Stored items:
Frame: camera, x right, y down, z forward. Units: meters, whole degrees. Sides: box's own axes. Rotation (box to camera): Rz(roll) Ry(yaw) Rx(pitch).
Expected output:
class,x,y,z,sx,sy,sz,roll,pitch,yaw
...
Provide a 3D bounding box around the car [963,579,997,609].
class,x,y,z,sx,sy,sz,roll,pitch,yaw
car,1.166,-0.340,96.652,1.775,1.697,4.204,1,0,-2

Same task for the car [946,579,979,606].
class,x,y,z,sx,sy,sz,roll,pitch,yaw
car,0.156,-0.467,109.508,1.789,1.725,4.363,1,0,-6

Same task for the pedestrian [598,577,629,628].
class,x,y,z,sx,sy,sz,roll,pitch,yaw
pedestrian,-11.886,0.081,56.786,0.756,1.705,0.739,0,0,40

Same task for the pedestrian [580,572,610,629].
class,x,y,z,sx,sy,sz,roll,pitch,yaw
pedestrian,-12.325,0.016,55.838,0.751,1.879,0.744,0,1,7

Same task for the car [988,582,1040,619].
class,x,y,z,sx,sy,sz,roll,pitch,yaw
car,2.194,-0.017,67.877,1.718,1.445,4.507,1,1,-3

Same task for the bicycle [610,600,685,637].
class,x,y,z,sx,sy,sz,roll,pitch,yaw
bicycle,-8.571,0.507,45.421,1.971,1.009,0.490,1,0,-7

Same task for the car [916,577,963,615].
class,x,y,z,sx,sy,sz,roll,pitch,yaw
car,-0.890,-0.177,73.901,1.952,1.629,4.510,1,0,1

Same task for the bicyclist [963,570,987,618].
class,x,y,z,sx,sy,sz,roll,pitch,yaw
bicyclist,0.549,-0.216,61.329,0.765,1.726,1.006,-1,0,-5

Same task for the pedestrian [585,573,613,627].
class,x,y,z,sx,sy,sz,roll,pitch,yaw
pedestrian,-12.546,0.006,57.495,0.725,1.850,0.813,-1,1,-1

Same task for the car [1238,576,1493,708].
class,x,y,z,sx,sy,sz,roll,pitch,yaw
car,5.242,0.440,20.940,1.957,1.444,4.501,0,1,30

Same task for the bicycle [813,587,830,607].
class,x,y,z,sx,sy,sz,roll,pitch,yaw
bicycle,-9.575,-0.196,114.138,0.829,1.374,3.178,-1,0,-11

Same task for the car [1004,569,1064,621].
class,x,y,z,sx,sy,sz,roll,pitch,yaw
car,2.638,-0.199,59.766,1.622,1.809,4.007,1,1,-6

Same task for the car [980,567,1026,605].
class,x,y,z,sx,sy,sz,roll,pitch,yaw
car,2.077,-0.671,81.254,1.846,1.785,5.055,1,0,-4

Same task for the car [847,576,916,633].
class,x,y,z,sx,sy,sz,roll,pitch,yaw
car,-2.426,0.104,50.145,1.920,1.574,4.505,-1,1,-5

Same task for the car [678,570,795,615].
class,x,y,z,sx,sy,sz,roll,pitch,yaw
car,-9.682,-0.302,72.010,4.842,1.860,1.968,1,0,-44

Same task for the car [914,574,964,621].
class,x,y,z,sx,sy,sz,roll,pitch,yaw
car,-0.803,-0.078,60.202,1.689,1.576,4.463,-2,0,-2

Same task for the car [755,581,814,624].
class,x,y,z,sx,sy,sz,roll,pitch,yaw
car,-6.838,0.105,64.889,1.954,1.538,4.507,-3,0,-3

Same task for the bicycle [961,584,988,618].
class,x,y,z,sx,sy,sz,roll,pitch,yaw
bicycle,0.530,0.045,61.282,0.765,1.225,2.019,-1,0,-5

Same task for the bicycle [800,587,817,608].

→ **Directions**: Please write out only the lines from the one containing "Same task for the car [1238,576,1493,708]." to the end of the records above, exactly, both ends included.

→ **Answer to this problem**:
Same task for the car [1238,576,1493,708].
class,x,y,z,sx,sy,sz,roll,pitch,yaw
car,5.242,0.440,20.940,1.957,1.444,4.501,0,1,30

Same task for the bicycle [813,587,830,607].
class,x,y,z,sx,sy,sz,roll,pitch,yaw
bicycle,-9.575,-0.196,114.138,0.829,1.374,3.178,-1,0,-11

Same task for the car [1004,569,1064,621].
class,x,y,z,sx,sy,sz,roll,pitch,yaw
car,2.638,-0.199,59.766,1.622,1.809,4.007,1,1,-6

Same task for the car [980,567,1026,605].
class,x,y,z,sx,sy,sz,roll,pitch,yaw
car,2.077,-0.671,81.254,1.846,1.785,5.055,1,0,-4

Same task for the car [847,576,916,633].
class,x,y,z,sx,sy,sz,roll,pitch,yaw
car,-2.426,0.104,50.145,1.920,1.574,4.505,-1,1,-5

Same task for the car [678,570,795,615].
class,x,y,z,sx,sy,sz,roll,pitch,yaw
car,-9.682,-0.302,72.010,4.842,1.860,1.968,1,0,-44

Same task for the car [914,574,964,621].
class,x,y,z,sx,sy,sz,roll,pitch,yaw
car,-0.803,-0.078,60.202,1.689,1.576,4.463,-2,0,-2

Same task for the car [755,581,814,624].
class,x,y,z,sx,sy,sz,roll,pitch,yaw
car,-6.838,0.105,64.889,1.954,1.538,4.507,-3,0,-3

Same task for the bicycle [961,584,988,618].
class,x,y,z,sx,sy,sz,roll,pitch,yaw
bicycle,0.530,0.045,61.282,0.765,1.225,2.019,-1,0,-5

Same task for the bicycle [800,587,817,608].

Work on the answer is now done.